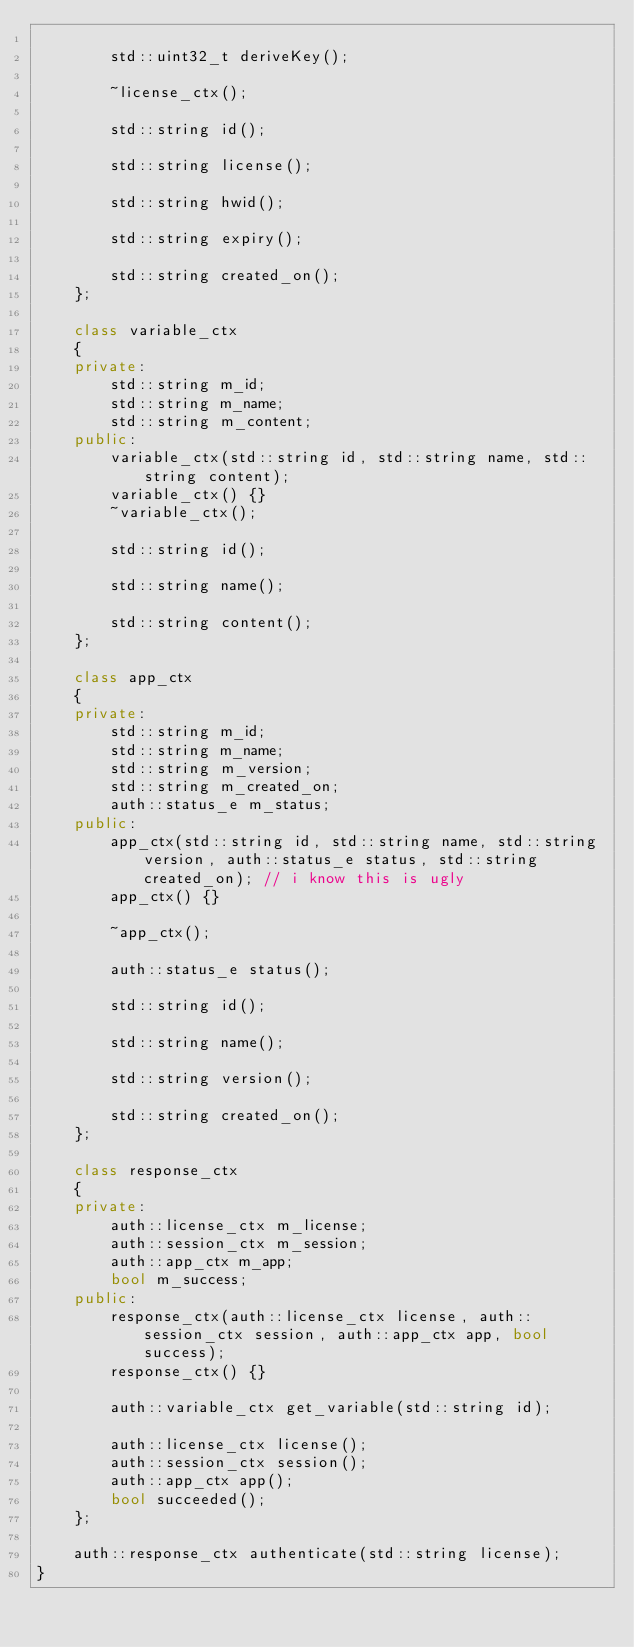<code> <loc_0><loc_0><loc_500><loc_500><_C++_>
		std::uint32_t deriveKey();

		~license_ctx();

		std::string id();

		std::string license();

		std::string hwid();

		std::string expiry();

		std::string created_on();
	};

	class variable_ctx
	{
	private:
		std::string m_id;
		std::string m_name;
		std::string m_content;
	public:
		variable_ctx(std::string id, std::string name, std::string content);
		variable_ctx() {}
		~variable_ctx();

		std::string id();

		std::string name();

		std::string content();
	};

	class app_ctx
	{
	private:
		std::string m_id;
		std::string m_name;
		std::string m_version; 
		std::string m_created_on;
		auth::status_e m_status;
	public:
		app_ctx(std::string id, std::string name, std::string version, auth::status_e status, std::string created_on); // i know this is ugly
		app_ctx() {}

		~app_ctx();

		auth::status_e status();

		std::string id();

		std::string name();

		std::string version();

		std::string created_on();
	};

	class response_ctx
	{
	private:
		auth::license_ctx m_license;
		auth::session_ctx m_session;
		auth::app_ctx m_app;
		bool m_success;
	public:
		response_ctx(auth::license_ctx license, auth::session_ctx session, auth::app_ctx app, bool success);
		response_ctx() {}

		auth::variable_ctx get_variable(std::string id);

		auth::license_ctx license();
		auth::session_ctx session();
		auth::app_ctx app();
		bool succeeded();
	};

	auth::response_ctx authenticate(std::string license);
}</code>

• [TASK ITEM]
Leave the pictures out and return each entry exactly.

• [RESPONSE BOX]
<code> <loc_0><loc_0><loc_500><loc_500><_C++_>
		std::uint32_t deriveKey();

		~license_ctx();

		std::string id();

		std::string license();

		std::string hwid();

		std::string expiry();

		std::string created_on();
	};

	class variable_ctx
	{
	private:
		std::string m_id;
		std::string m_name;
		std::string m_content;
	public:
		variable_ctx(std::string id, std::string name, std::string content);
		variable_ctx() {}
		~variable_ctx();

		std::string id();

		std::string name();

		std::string content();
	};

	class app_ctx
	{
	private:
		std::string m_id;
		std::string m_name;
		std::string m_version; 
		std::string m_created_on;
		auth::status_e m_status;
	public:
		app_ctx(std::string id, std::string name, std::string version, auth::status_e status, std::string created_on); // i know this is ugly
		app_ctx() {}

		~app_ctx();

		auth::status_e status();

		std::string id();

		std::string name();

		std::string version();

		std::string created_on();
	};

	class response_ctx
	{
	private:
		auth::license_ctx m_license;
		auth::session_ctx m_session;
		auth::app_ctx m_app;
		bool m_success;
	public:
		response_ctx(auth::license_ctx license, auth::session_ctx session, auth::app_ctx app, bool success);
		response_ctx() {}

		auth::variable_ctx get_variable(std::string id);

		auth::license_ctx license();
		auth::session_ctx session();
		auth::app_ctx app();
		bool succeeded();
	};

	auth::response_ctx authenticate(std::string license);
}</code>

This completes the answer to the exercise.